My mother—who was born the year women finally got the vote–didn’t work, although she was a woman who would definitely have been much happier pursuing a career. But for middle-class women, participation in the workforce was seen as evidence that one’s husband wasn’t an adequate breadwinner—so it wasn’t an option.
When my sister and I were in grade school and high school, there were no women’s sports. Girls were cheerleaders, boys played team sports. When I went to college, my parents wanted me to choose a profession I could “fall back on” if my eventual husband died. I could choose among the three professions suitable for women—I could be a teacher, a nurse or a secretary. Three times in college, I switched into the school of Liberal Arts, and three times my father switched me back into the School of Education. (I get nauseated at the sight of blood, and I was never a good typist—so voila—I was a teacher!).
When I got married the first time, women still couldn’t get credit or establish a credit rating separate from that of their husbands. Later, when I went to law school, my sister’s brother-in-law told me I should be ashamed that I was taking the place of a man who would actually practice law. A cousin who was a lawyer was more supportive; he told me that if I really excelled, I would probably get hired, but the only lawyer job I could expect would be in the “back room” of a large firm, doing research. I wouldn’t be allowed to work directly with clients. A “friend” told me that my selfish decision to go to law school meant that my children would end up being drug addicts.

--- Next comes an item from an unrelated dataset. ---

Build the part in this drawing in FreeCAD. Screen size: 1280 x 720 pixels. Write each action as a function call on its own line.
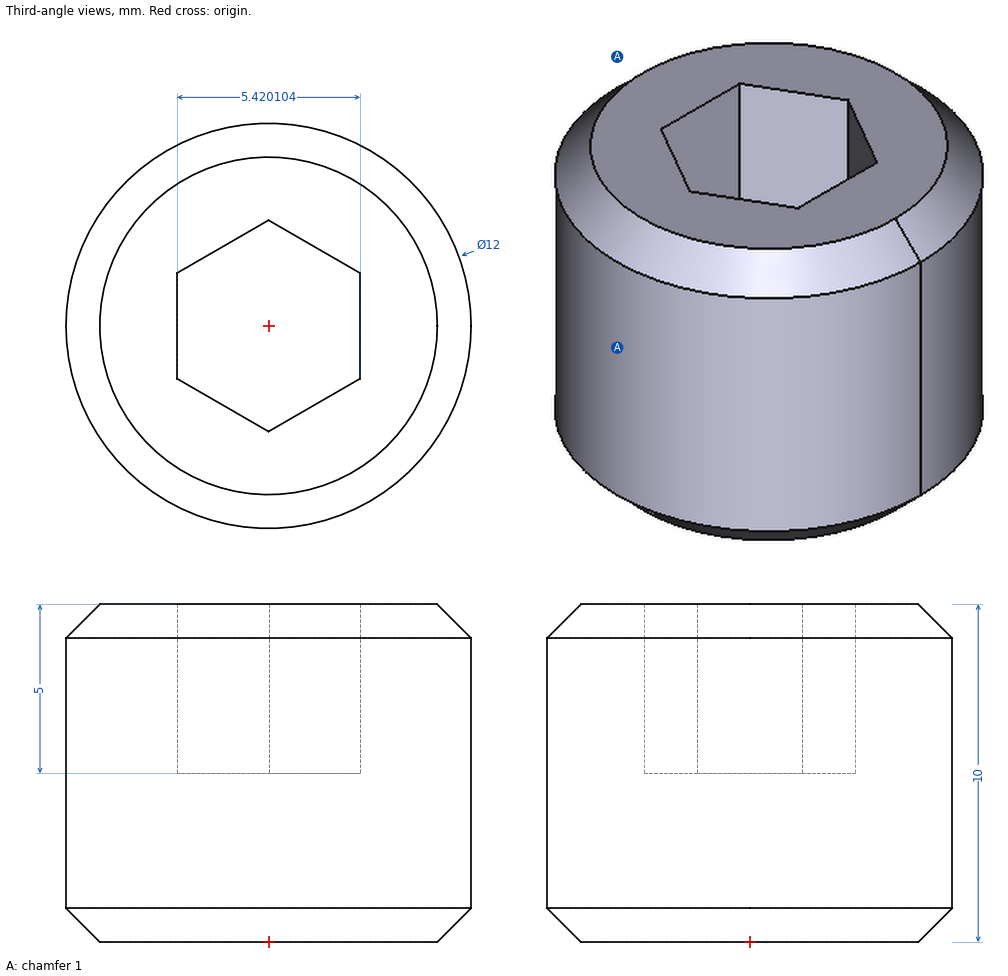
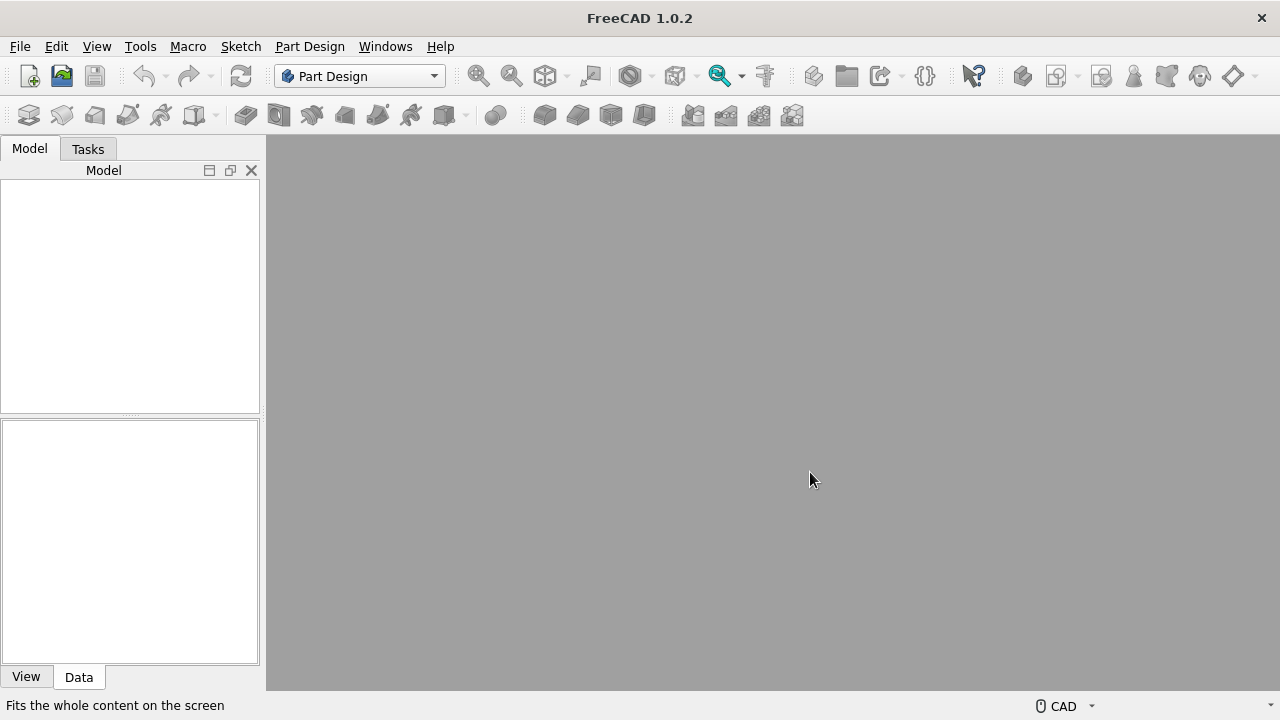
click(29, 76)

When I was interviewing for my first job as a lawyer, the EEOC was only a few years old, but lawyers at the firm knew that certain questions were off-limits. I had three small children, a fact disclosed by my resume, so I volunteered my childcare arrangements. (It seemed reasonable.) One of the lawyers was so visibly relieved that I evidently wasn’t going to burn a bra then and there that he blurted out “Not that there’s anything wrong with being a woman! We hired a man with a glass eye once!”
When Bill Hudnut appointed me Corporation Counsel, I was the first woman to head the city’s legal department. That deviation from the norm evidently triggered a lot of speculation. The Indianapolis Star identified me as a “divorcee” and the Indianapolis News ran a “gossip” item, asking “Did a city official just appoint his most recent honey to a high city position?” Evidently, the notion that a woman might be a good lawyer never crossed their minds.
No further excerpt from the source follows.